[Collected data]
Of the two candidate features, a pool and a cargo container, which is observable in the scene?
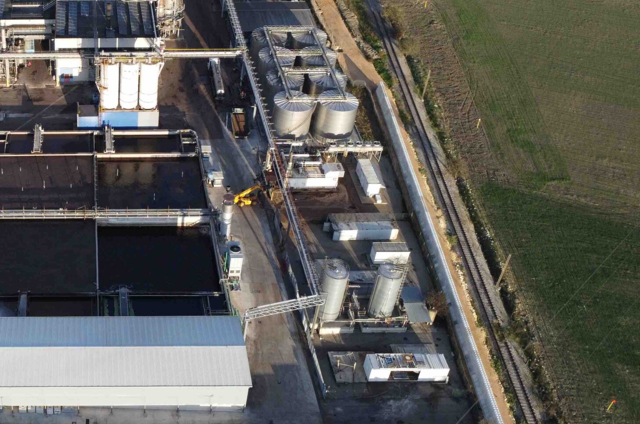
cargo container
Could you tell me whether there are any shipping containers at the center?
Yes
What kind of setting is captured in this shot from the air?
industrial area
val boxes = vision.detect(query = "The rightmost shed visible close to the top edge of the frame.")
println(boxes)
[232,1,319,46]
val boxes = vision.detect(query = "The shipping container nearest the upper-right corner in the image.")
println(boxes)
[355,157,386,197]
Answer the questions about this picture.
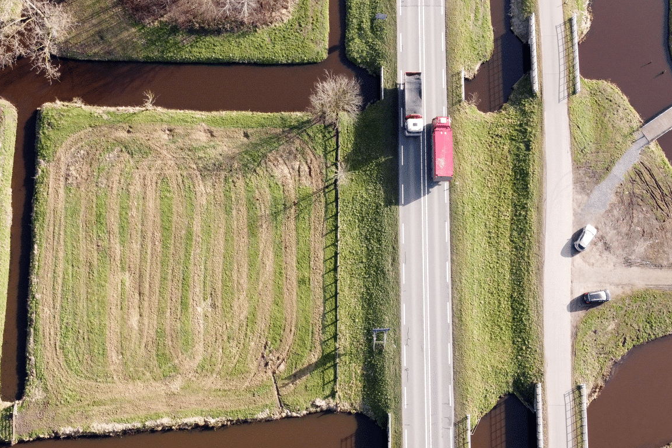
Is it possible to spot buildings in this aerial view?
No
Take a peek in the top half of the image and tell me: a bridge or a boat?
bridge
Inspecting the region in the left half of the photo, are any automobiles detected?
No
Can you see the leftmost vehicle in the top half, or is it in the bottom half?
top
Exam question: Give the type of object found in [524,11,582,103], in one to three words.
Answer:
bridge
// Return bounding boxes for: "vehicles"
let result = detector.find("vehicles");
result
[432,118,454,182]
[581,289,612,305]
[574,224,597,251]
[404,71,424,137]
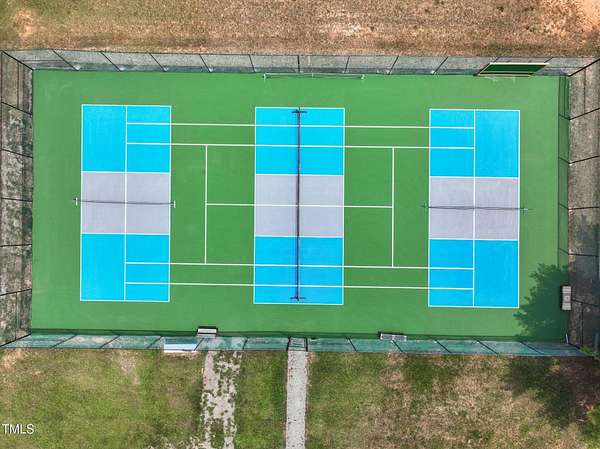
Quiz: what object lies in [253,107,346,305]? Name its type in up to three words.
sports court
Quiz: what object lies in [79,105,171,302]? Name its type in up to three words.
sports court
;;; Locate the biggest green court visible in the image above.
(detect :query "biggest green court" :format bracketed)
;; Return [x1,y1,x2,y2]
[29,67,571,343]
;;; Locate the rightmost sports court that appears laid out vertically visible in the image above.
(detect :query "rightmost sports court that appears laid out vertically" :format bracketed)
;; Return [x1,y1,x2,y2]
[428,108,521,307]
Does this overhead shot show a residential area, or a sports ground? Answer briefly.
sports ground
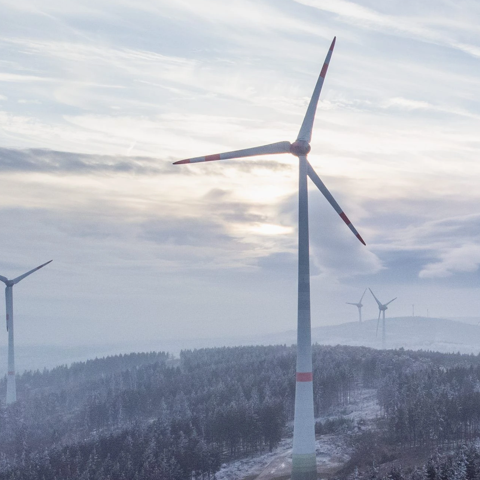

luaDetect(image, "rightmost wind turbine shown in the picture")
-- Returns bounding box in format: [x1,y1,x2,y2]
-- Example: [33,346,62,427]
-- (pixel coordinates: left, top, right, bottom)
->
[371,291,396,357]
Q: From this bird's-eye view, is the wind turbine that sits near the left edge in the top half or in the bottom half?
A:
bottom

==

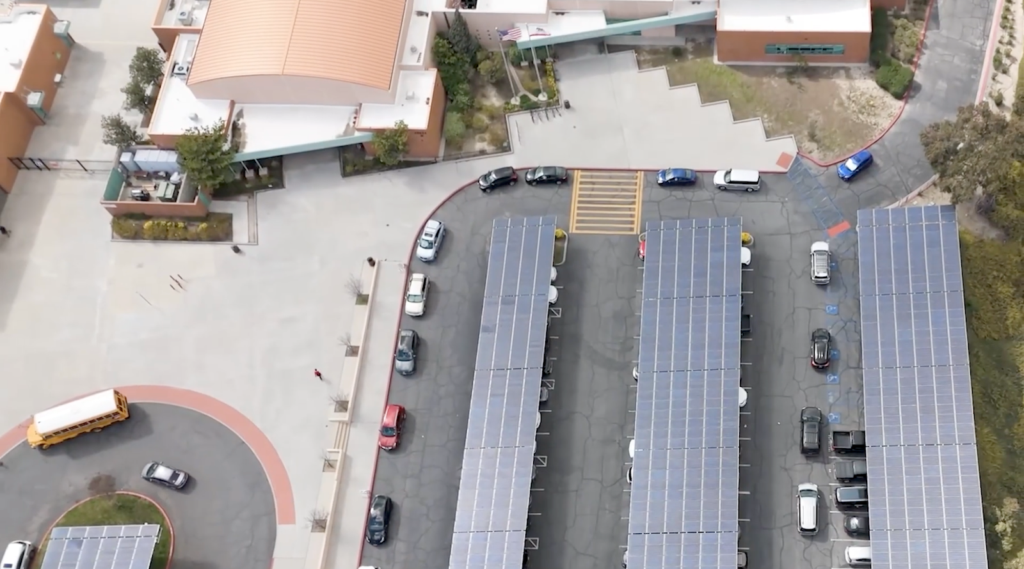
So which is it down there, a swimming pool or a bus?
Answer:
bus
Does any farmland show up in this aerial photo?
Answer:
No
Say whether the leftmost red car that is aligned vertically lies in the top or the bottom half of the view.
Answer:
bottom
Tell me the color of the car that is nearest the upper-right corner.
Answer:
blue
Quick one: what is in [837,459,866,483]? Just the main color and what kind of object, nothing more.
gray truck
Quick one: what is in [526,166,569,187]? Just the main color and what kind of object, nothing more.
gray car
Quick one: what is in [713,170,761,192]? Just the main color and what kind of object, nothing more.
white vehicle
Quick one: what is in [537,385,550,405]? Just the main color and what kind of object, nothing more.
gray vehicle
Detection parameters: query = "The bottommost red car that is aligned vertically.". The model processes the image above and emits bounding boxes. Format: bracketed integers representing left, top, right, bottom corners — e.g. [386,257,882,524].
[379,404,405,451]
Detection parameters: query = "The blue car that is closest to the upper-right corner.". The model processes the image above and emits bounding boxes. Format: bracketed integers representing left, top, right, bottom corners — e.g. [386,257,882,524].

Prompt:
From the line holding "Does any farmland" to the line holding "Tell me the", inclusive, restate each line above exactly as written.

Response box:
Does any farmland show up in this aerial photo?
Answer:
No
Say whether the leftmost red car that is aligned vertically lies in the top or the bottom half of the view.
Answer:
bottom
Tell me the color of the car that is nearest the upper-right corner.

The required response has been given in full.